So, He allows them to tempt us, so that we, in our fallen nature, can respond to His grace and grow in His love, and become sanctified.

We have all the means to do that…prayer, sacraments, good works, inspirations of our guardian angels, etc.

I know that is really the short answer to the problem of evil, but it is the basic one!

God is All Good, All Knowing, etc…but He is Just & Fair. This means He doesn’t force anyone to follow Him. God will give humans time to change their evil ways. eg. Adam & Eve.

There’s another solution not touched on. God is all-powerful. That means God can do all possible things. That doesn’t include God doing impossible things (like making a three sided square, or making it pour down rain while making it not rain at all in the same place at the same time).
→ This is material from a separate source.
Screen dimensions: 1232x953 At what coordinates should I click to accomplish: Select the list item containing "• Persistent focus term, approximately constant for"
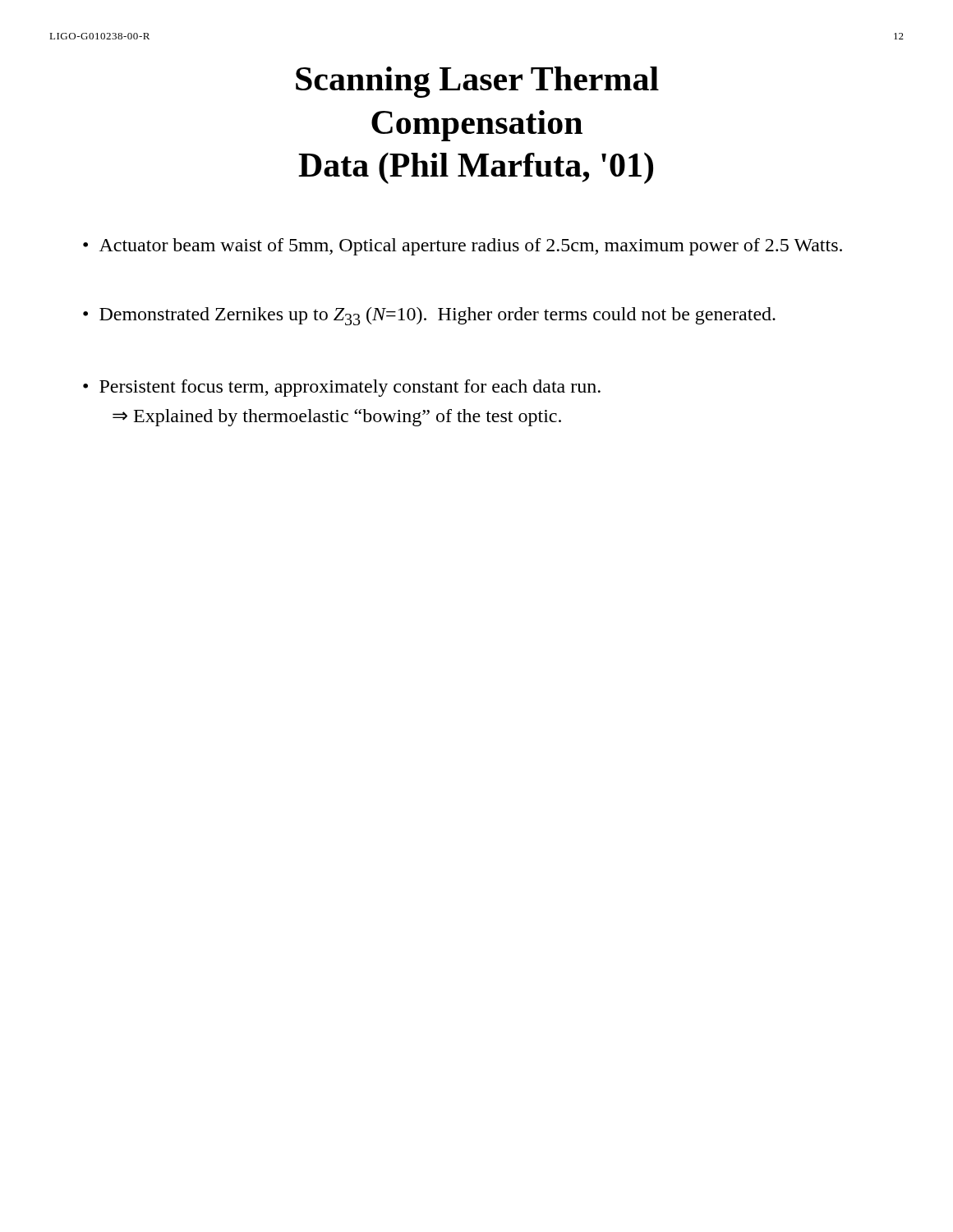click(476, 401)
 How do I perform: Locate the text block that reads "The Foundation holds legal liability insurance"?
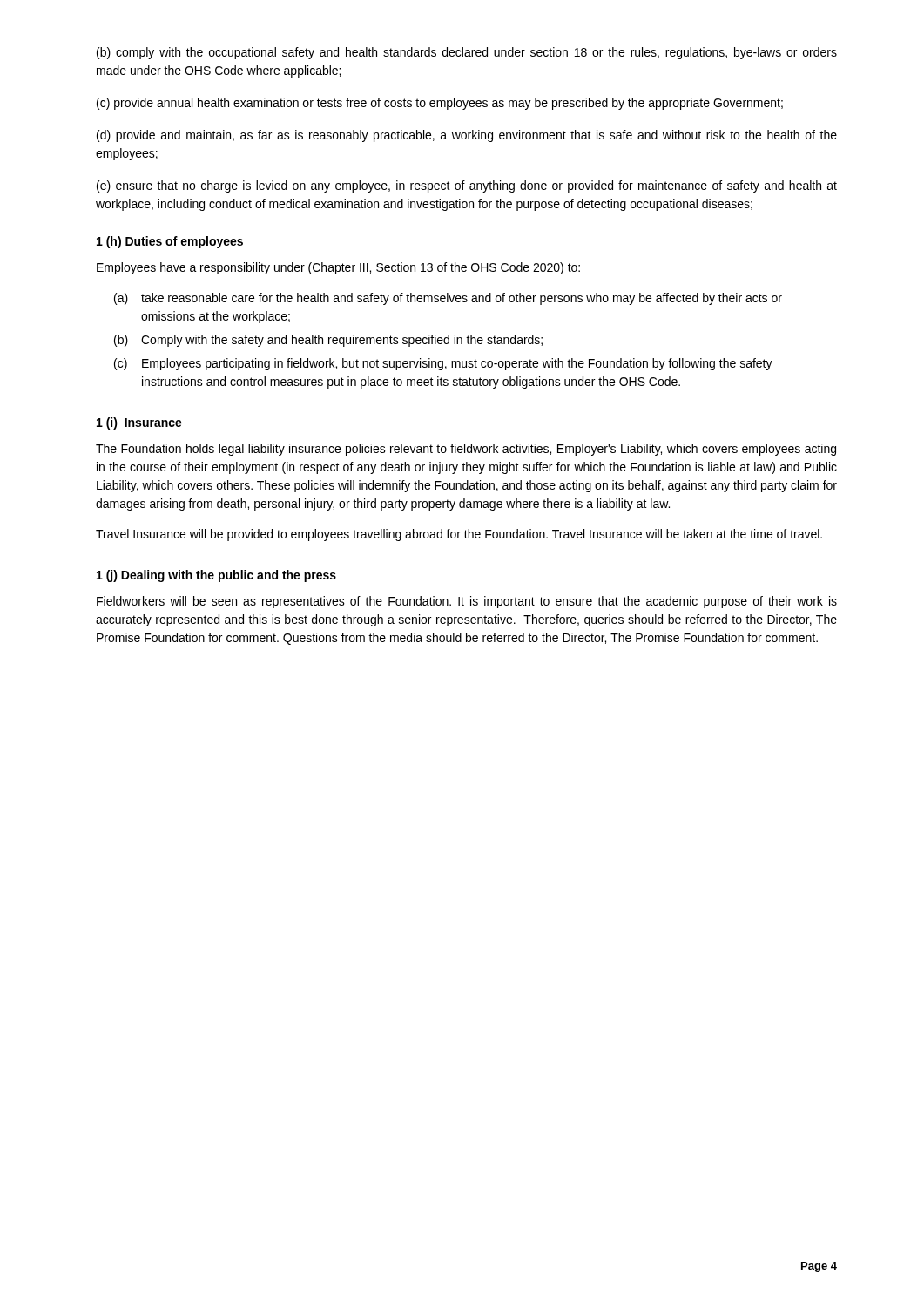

Having a physical world with creatures with free will cannot simultaneous exist without suffering. Therefore, not creating such a world is not proof that God lacks either the power of the will to make a better world.

CS Lewis’ The Problem of Pain deals with all this masterfully.

There is a problem with the “problem of evil” discussion.

There is no “problem of good” talked about. Why is that?
Serious question.

Looking at this from the non-religious point of view:

Life happens.
People have pleasure and pain, joy and sorrow, life and death, happiness and sadness. All of these are experienced in every life without exception, in unique ways.
And we are obsessed with finding an answer to only half of life, as if we live two lives. One half we will ignore and the evil part we will rail against.
That seems to me a blindness that obscures the truth. It’s a blindness that seeks a preconceived notion of God. It’s not a holistic view of life and reality.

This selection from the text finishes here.